What is being asked ▸ Within the data that follows, set down exactly the lines from the one containing "Answer as YAML, one" through the one containing "#3 car (119,188,127,194)", both ends included.

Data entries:
=== Begin Enclosure ===
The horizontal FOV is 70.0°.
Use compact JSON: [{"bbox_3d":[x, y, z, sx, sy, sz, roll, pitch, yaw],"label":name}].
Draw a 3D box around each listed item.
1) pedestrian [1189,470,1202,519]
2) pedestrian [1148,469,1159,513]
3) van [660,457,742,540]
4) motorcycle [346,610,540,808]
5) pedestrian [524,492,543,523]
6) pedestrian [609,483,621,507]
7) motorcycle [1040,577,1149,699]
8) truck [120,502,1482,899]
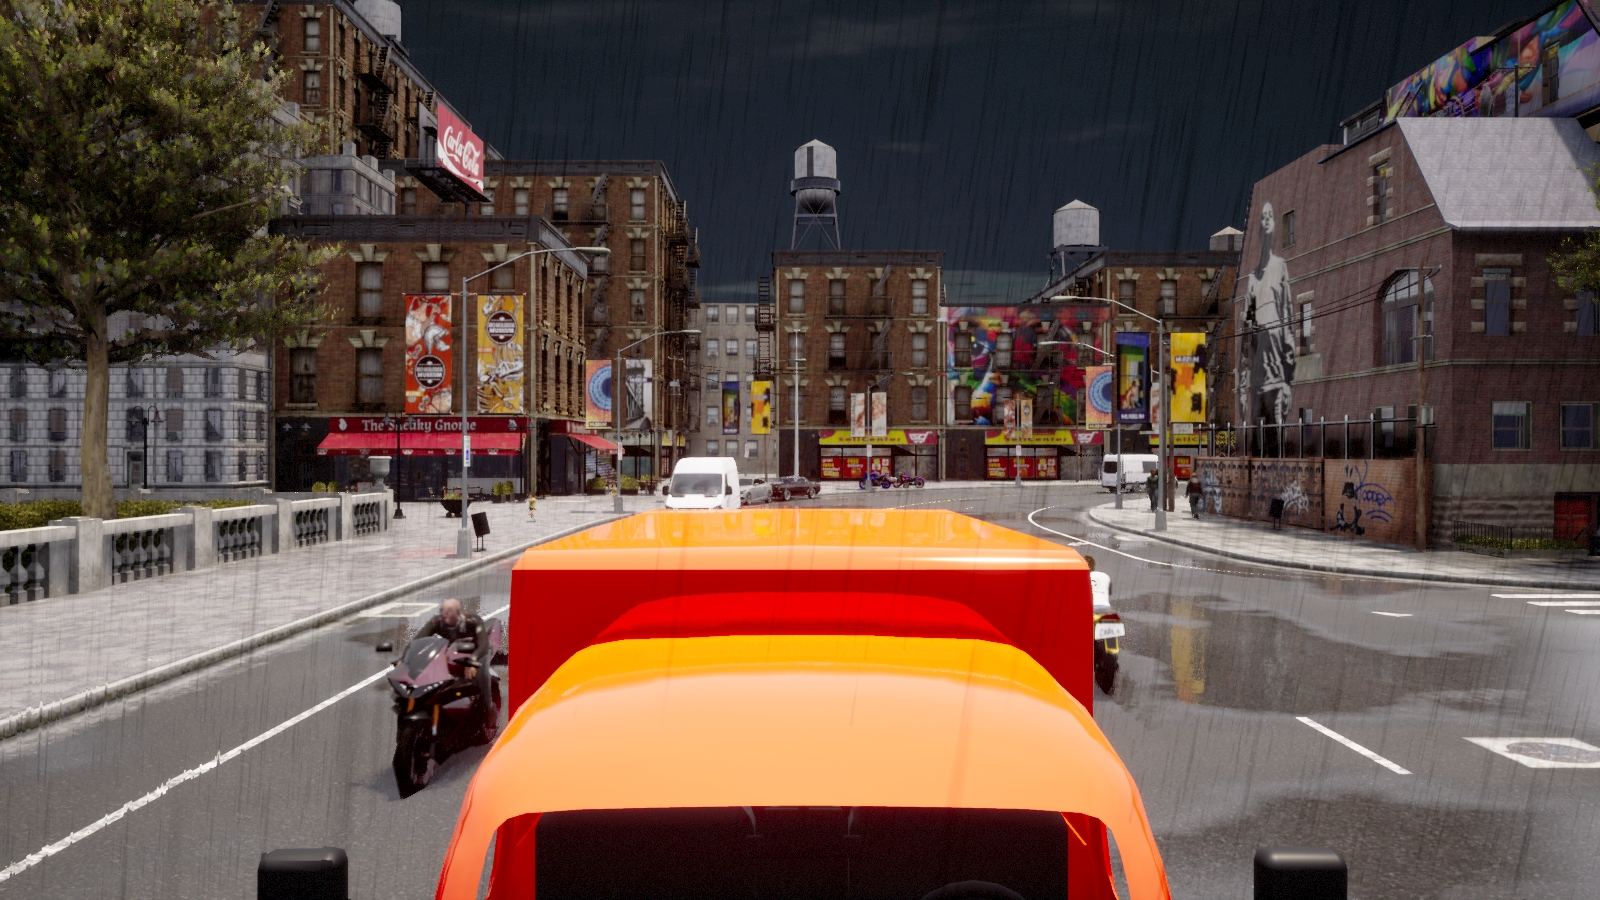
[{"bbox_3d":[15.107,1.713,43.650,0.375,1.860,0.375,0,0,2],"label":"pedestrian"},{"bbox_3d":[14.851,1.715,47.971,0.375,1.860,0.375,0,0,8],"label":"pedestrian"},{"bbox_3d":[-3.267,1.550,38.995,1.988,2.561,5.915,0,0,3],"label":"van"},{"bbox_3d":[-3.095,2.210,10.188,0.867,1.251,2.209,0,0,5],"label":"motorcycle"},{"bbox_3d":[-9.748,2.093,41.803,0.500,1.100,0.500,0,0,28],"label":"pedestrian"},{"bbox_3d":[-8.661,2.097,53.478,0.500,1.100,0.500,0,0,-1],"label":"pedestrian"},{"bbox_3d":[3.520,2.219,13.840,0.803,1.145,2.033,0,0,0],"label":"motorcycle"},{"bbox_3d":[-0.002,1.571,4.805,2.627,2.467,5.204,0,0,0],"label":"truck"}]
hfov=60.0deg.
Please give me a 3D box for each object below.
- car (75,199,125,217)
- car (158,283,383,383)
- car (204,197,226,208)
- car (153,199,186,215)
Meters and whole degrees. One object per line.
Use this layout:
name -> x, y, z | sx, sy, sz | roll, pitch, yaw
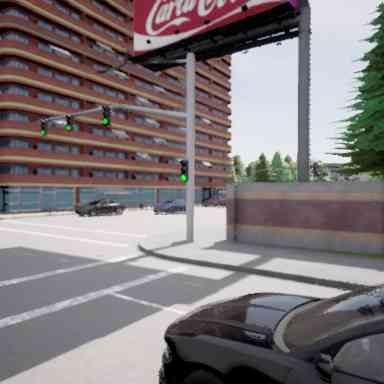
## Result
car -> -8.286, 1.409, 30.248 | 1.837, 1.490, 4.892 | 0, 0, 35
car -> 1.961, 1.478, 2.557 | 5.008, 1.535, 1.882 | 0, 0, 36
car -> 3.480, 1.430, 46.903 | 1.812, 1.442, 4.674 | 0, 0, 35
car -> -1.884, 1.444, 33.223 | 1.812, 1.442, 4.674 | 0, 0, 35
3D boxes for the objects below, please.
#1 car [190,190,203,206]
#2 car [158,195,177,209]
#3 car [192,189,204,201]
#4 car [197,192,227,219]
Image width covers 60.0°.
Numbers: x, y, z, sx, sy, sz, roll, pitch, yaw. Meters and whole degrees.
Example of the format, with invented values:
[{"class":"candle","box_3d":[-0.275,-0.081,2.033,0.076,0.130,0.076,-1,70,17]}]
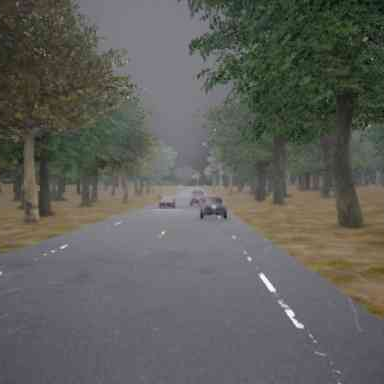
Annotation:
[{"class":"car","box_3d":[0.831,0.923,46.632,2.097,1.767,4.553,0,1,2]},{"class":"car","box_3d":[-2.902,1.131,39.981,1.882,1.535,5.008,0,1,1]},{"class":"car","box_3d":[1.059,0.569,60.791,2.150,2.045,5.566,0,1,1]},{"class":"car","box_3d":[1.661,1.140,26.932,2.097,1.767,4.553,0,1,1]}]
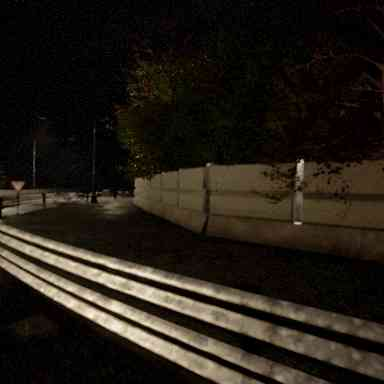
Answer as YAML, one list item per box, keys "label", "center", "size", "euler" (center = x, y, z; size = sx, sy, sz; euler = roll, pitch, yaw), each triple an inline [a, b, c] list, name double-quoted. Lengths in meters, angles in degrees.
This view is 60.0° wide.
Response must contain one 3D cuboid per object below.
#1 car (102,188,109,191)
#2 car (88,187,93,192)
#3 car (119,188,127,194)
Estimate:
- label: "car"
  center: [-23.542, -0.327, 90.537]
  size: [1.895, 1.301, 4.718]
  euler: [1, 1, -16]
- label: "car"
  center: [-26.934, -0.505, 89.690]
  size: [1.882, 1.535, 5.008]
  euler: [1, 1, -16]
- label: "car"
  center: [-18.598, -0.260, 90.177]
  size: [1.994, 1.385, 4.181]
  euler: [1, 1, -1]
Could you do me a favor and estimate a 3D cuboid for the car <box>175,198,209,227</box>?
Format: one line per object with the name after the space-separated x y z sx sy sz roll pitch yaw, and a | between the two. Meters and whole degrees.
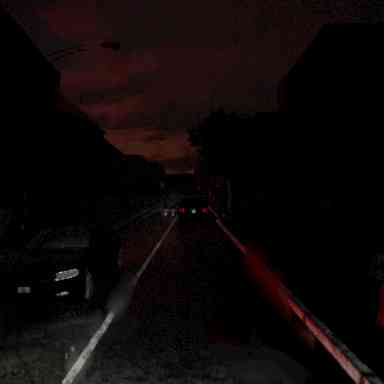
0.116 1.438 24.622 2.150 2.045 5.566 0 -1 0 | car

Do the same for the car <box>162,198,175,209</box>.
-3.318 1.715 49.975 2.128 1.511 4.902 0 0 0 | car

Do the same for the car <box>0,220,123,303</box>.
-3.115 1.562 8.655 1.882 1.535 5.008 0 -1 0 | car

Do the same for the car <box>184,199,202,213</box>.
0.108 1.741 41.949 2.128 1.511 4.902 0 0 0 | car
=== End Enclosure ===
=== Begin Enclosure ===
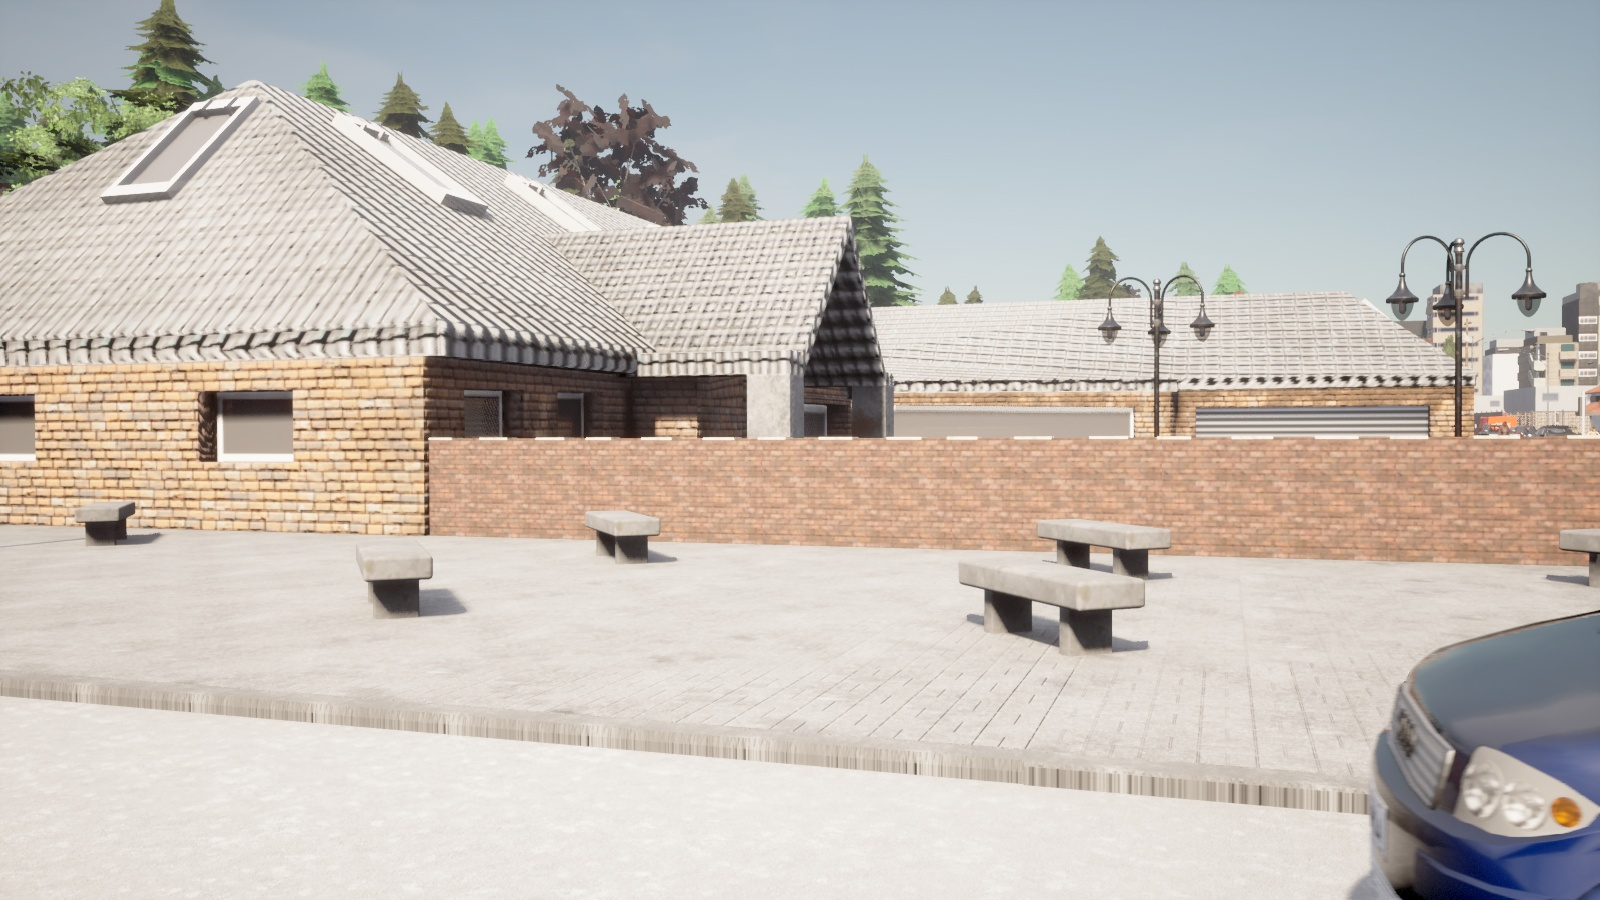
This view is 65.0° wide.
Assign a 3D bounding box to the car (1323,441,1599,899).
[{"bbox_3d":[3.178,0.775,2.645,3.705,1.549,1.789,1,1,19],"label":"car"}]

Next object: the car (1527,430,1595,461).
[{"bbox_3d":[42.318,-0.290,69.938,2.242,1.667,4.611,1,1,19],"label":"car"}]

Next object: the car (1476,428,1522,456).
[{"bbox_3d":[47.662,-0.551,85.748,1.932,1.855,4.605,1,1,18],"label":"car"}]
=== End Enclosure ===
Task answer ▸
Answer as YAML, one list item per box, keys "label", "center", "size", "euler" (center = x, y, z; size = sx, sy, sz; euler = roll, pitch, yaw), each triple an inline [a, b, c] list, name double-quoted. Lengths in meters, angles in degrees.
This view is 60.0° wide.
Response must contain one 3D cuboid per object below.
#1 car (102,188,109,191)
#2 car (88,187,93,192)
#3 car (119,188,127,194)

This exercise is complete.